BEGIN RECORDED DATA

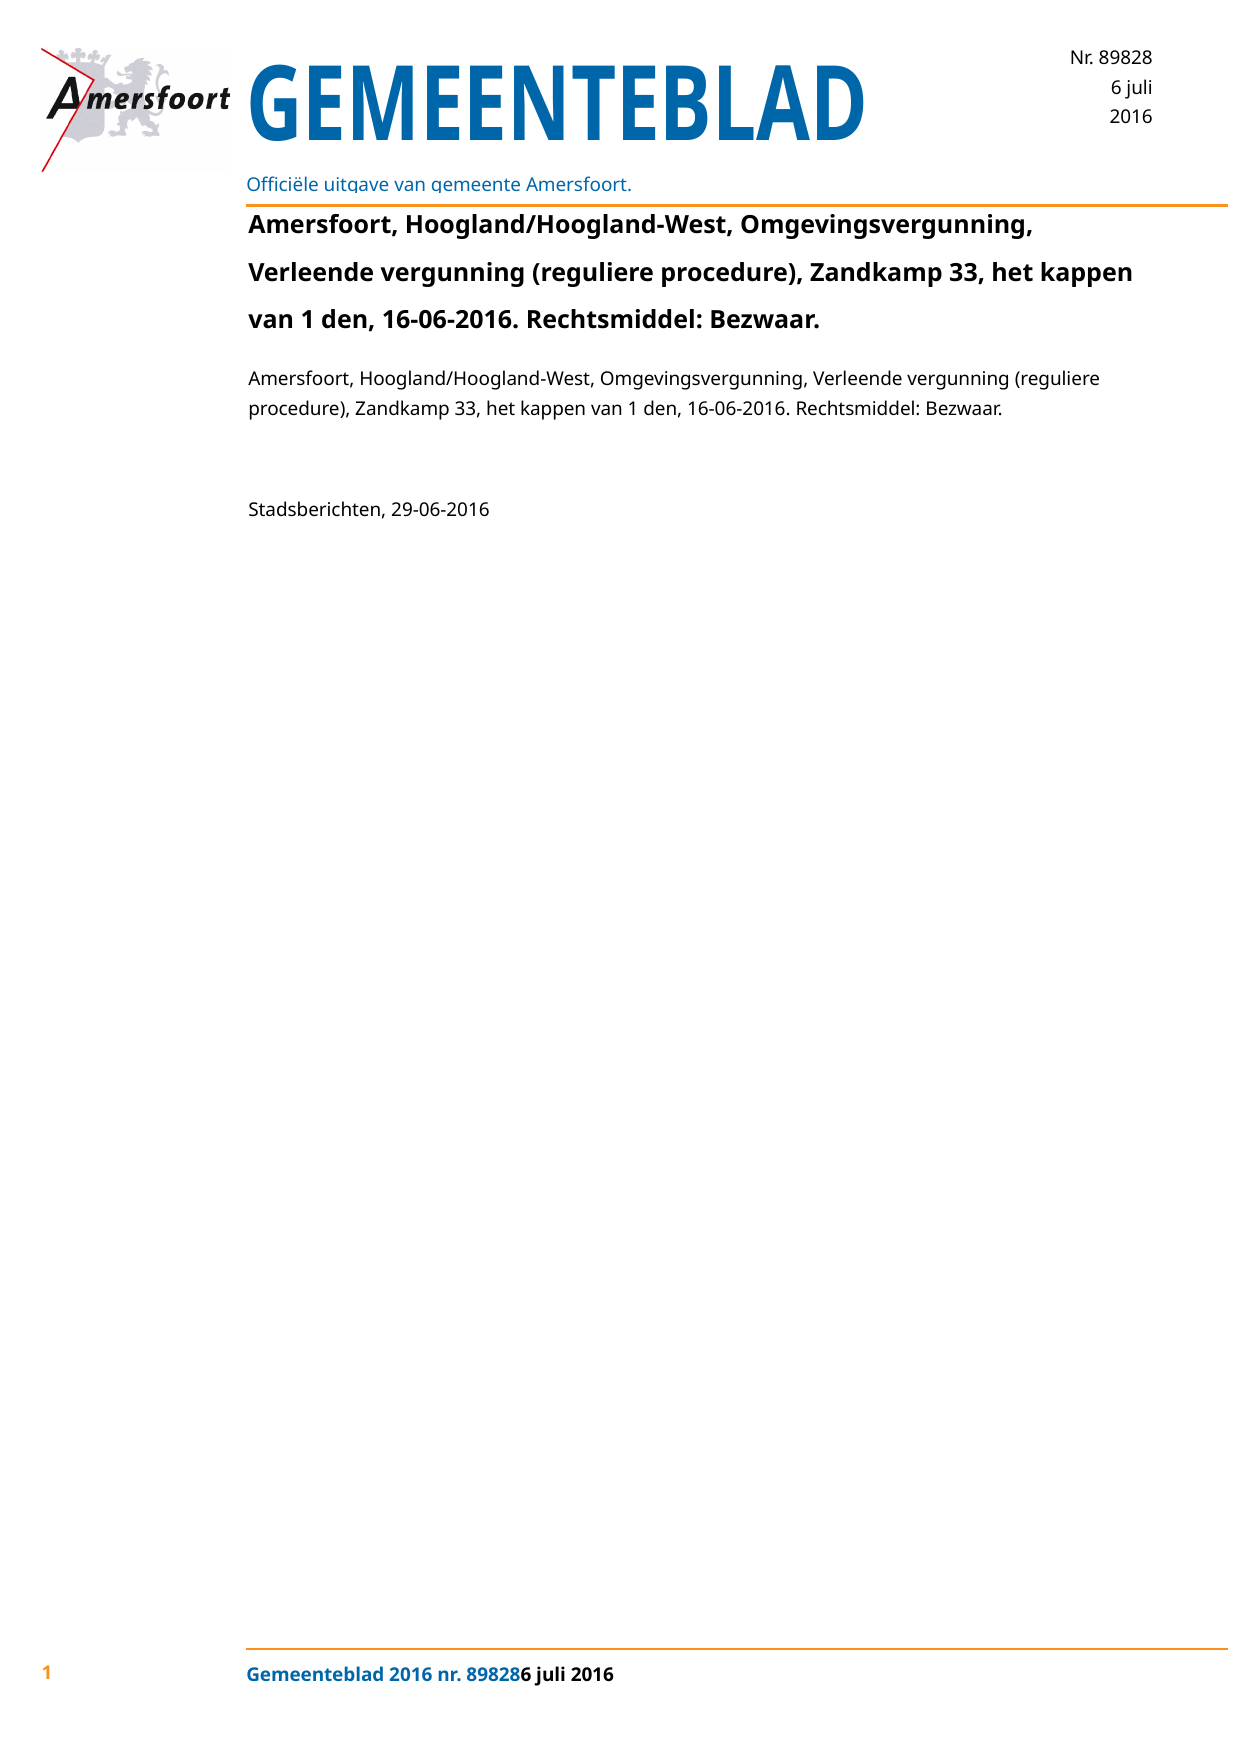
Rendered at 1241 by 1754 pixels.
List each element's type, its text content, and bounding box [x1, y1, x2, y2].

text Stadsberichten, 29-06-2016 [248, 496, 1152, 522]
text Amersfoort, Hoogland/Hoogland-West, Omgevingsvergunning, Verleende vergunning (reguliere procedure), Zandkamp 33, het kappen van 1 den, 16-06-2016. Rechtsmiddel: Bezwaar. [248, 366, 1152, 421]
text Amersfoort, Hoogland/Hoogland-West, Omgevingsvergunning, Verleende vergunning (reguliere procedure), Zandkamp 33, het kappen van 1 den, 16-06-2016. Rechtsmiddel: Bezwaar. [248, 207, 1152, 336]
picture [41, 47, 231, 172]
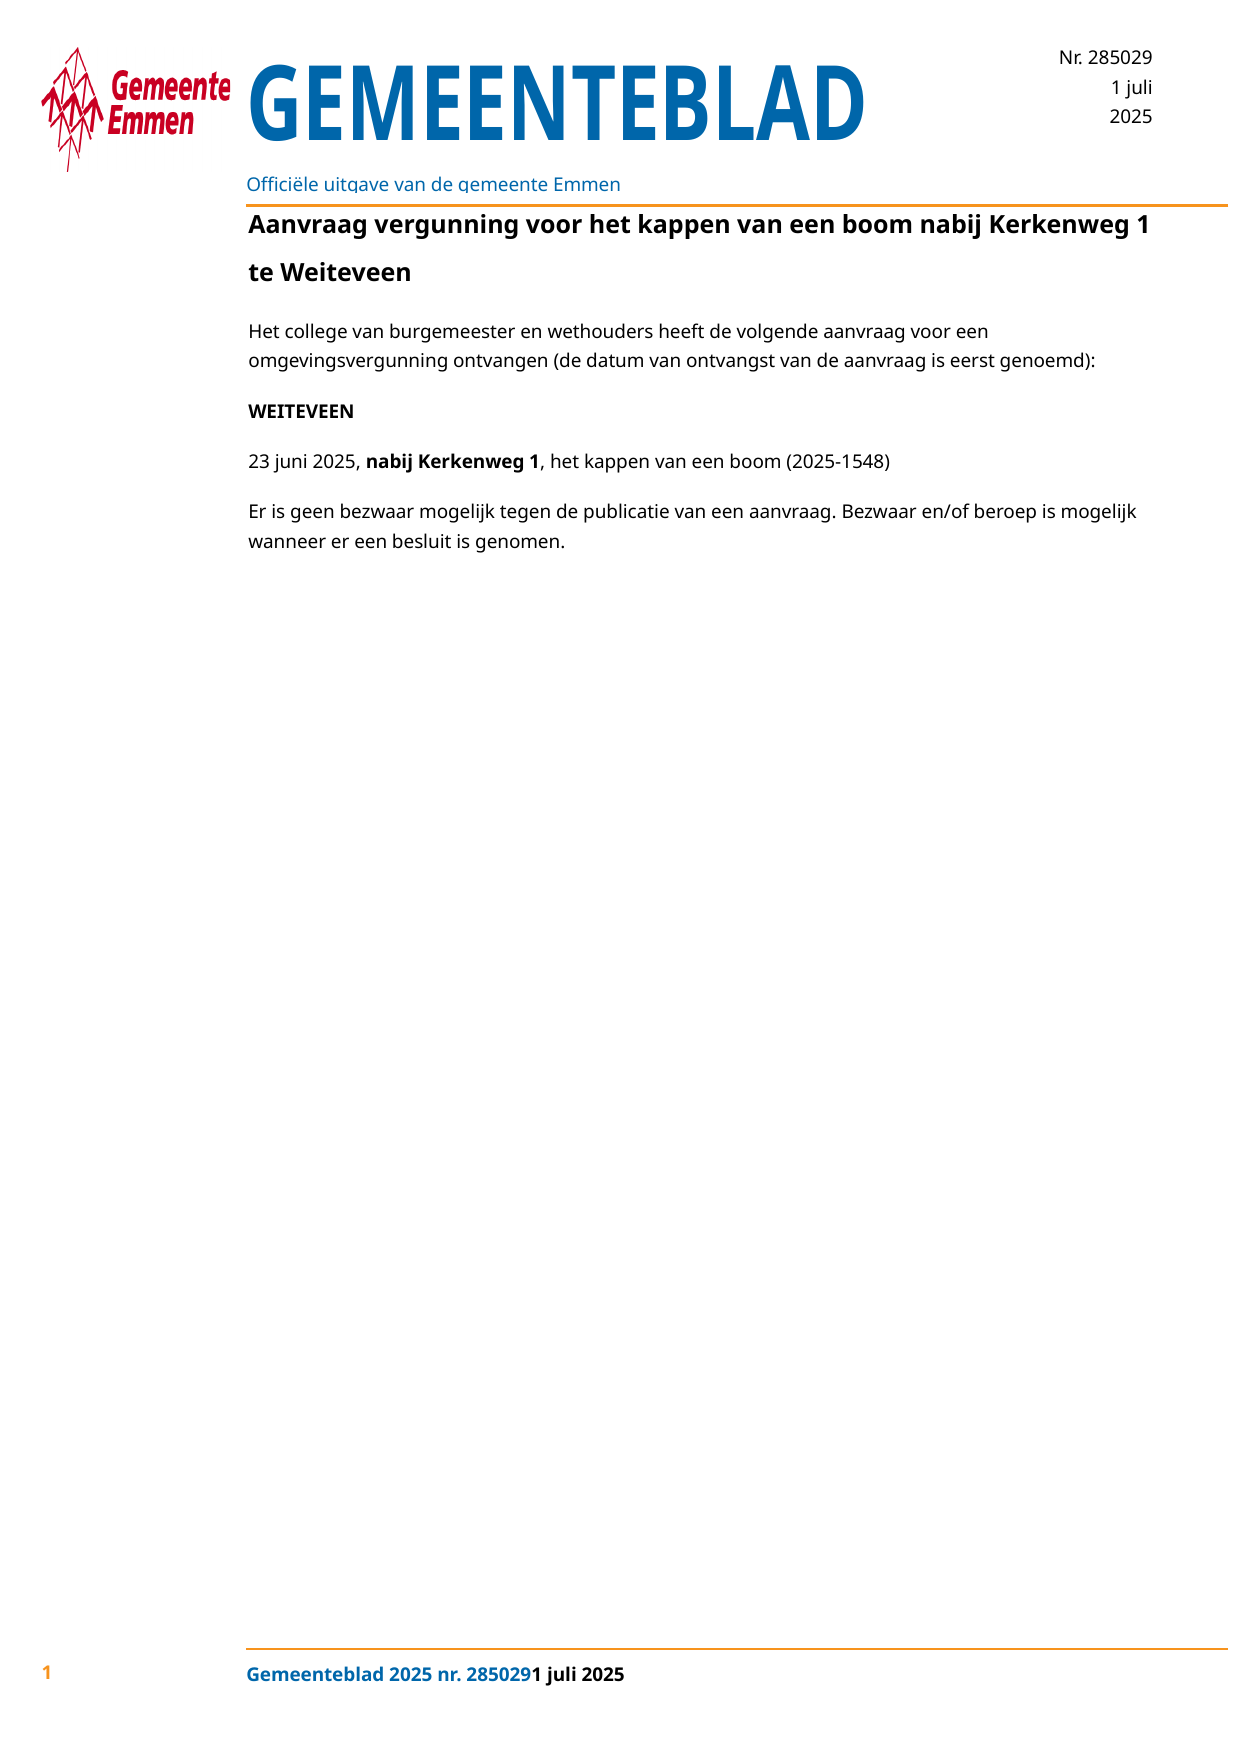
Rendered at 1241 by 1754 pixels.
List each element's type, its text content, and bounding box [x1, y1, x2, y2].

text WEITEVEEN [248, 398, 1152, 424]
text Het college van burgemeester en wethouders heeft de volgende aanvraag voor een omgevingsvergunning ontvangen (de datum van ontvangst van de aanvraag is eerst genoemd): [248, 318, 1152, 373]
text Aanvraag vergunning voor het kappen van een boom nabij Kerkenweg 1 te Weiteveen [248, 207, 1152, 288]
picture [41, 47, 231, 172]
text 23 juni 2025, nabij Kerkenweg 1, het kappen van een boom (2025-1548) [248, 448, 1152, 474]
text Er is geen bezwaar mogelijk tegen de publicatie van een aanvraag. Bezwaar en/of beroep is mogelijk wanneer er een besluit is genomen. [248, 499, 1152, 554]
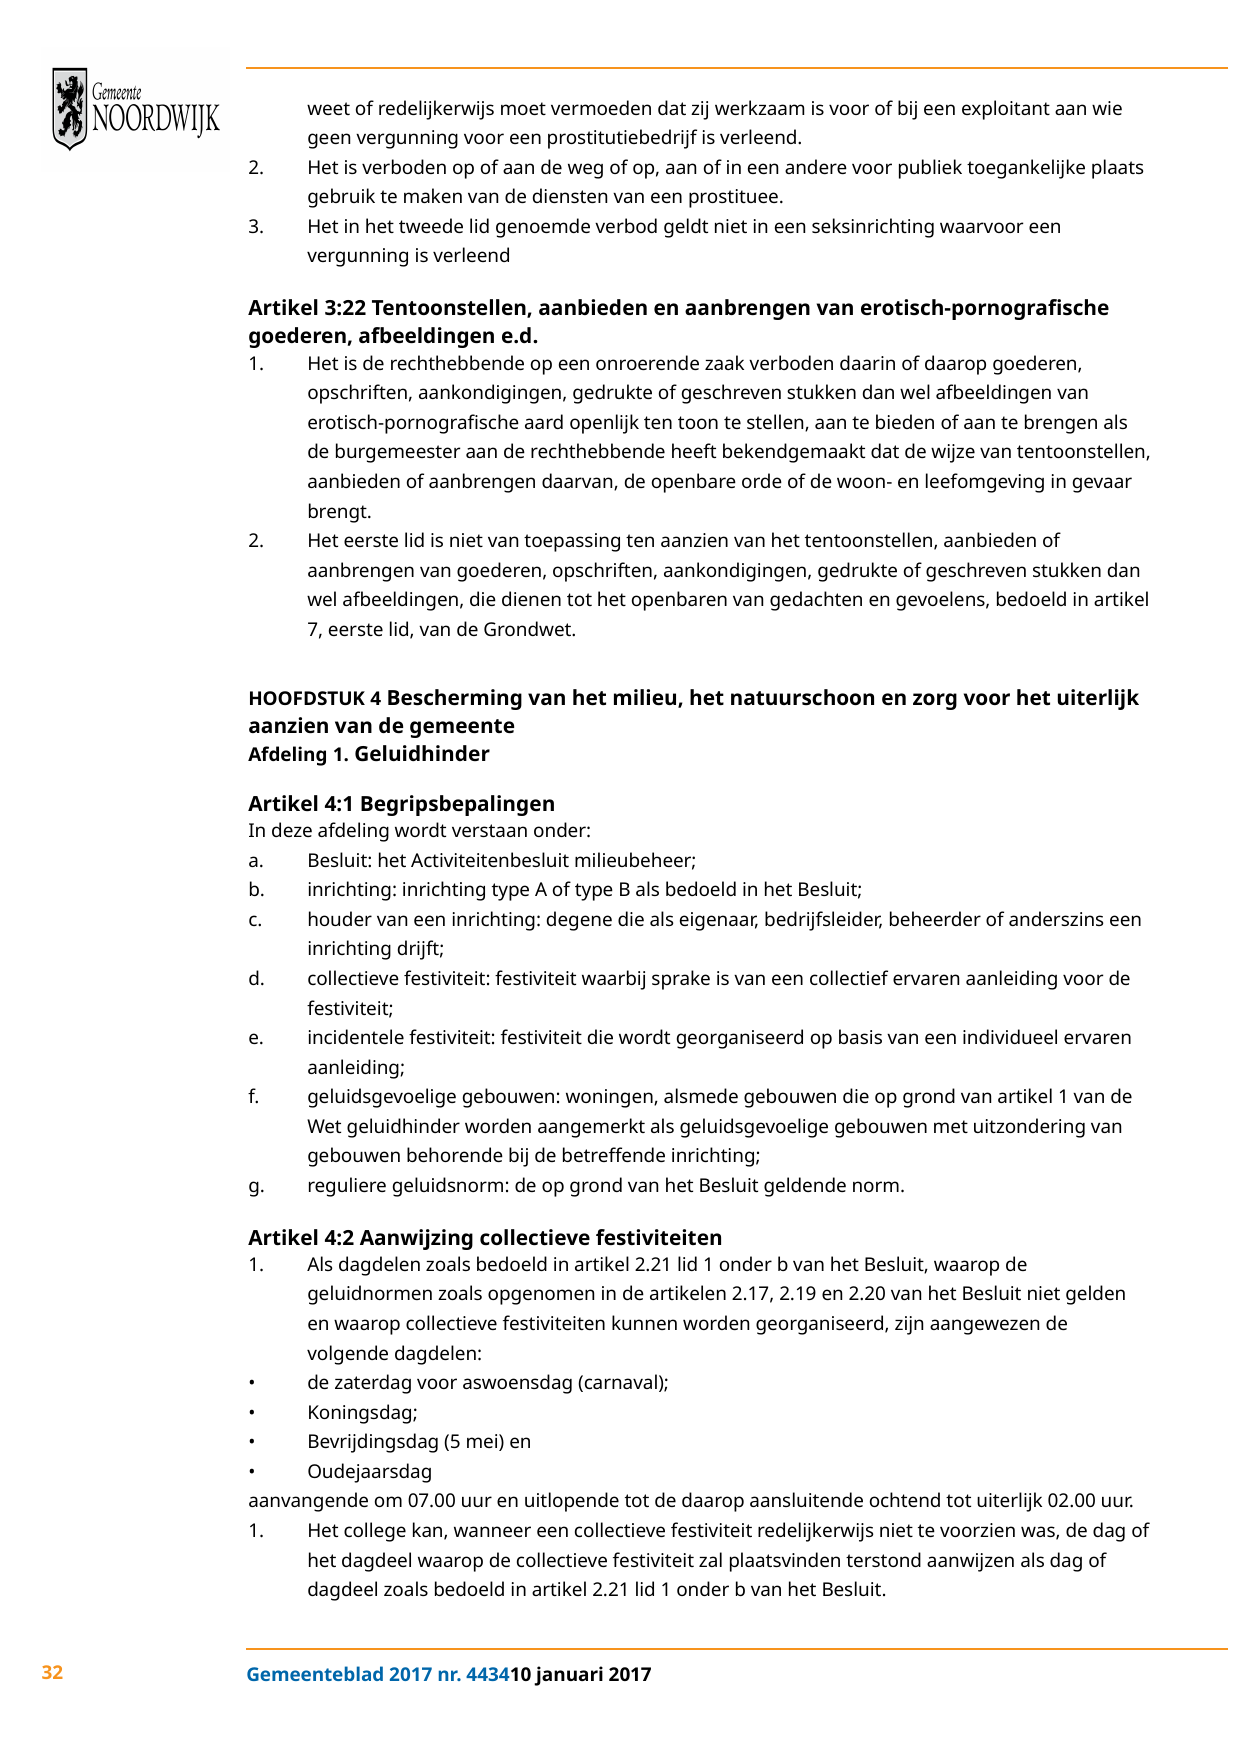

END RECORDED DATA

**YOUR OBJECTIVE**
Leave the pictures out and output all of the data verbatim.

**ANSWER TO THIS PROBLEM**
Rendered at 1241 by 1754 pixels.
List each element's type, its text content, and bounding box [x1, y1, x2, y2].

text Stadsberichten, 29-06-2016 [248, 496, 1152, 522]
text Amersfoort, Hoogland/Hoogland-West, Omgevingsvergunning, Verleende vergunning (reguliere procedure), Zandkamp 33, het kappen van 1 den, 16-06-2016. Rechtsmiddel: Bezwaar. [248, 366, 1152, 421]
text Amersfoort, Hoogland/Hoogland-West, Omgevingsvergunning, Verleende vergunning (reguliere procedure), Zandkamp 33, het kappen van 1 den, 16-06-2016. Rechtsmiddel: Bezwaar. [248, 207, 1152, 336]
picture [41, 47, 231, 172]
Rendered at 1241 by 1754 pixels.
List each element's type, its text content, and bounding box [x1, y1, x2, y2].

text WEITEVEEN [248, 398, 1152, 424]
text Het college van burgemeester en wethouders heeft de volgende aanvraag voor een omgevingsvergunning ontvangen (de datum van ontvangst van de aanvraag is eerst genoemd): [248, 318, 1152, 373]
text Aanvraag vergunning voor het kappen van een boom nabij Kerkenweg 1 te Weiteveen [248, 207, 1152, 288]
picture [41, 47, 231, 172]
text 23 juni 2025, nabij Kerkenweg 1, het kappen van een boom (2025-1548) [248, 448, 1152, 474]
text Er is geen bezwaar mogelijk tegen de publicatie van een aanvraag. Bezwaar en/of beroep is mogelijk wanneer er een besluit is genomen. [248, 499, 1152, 554]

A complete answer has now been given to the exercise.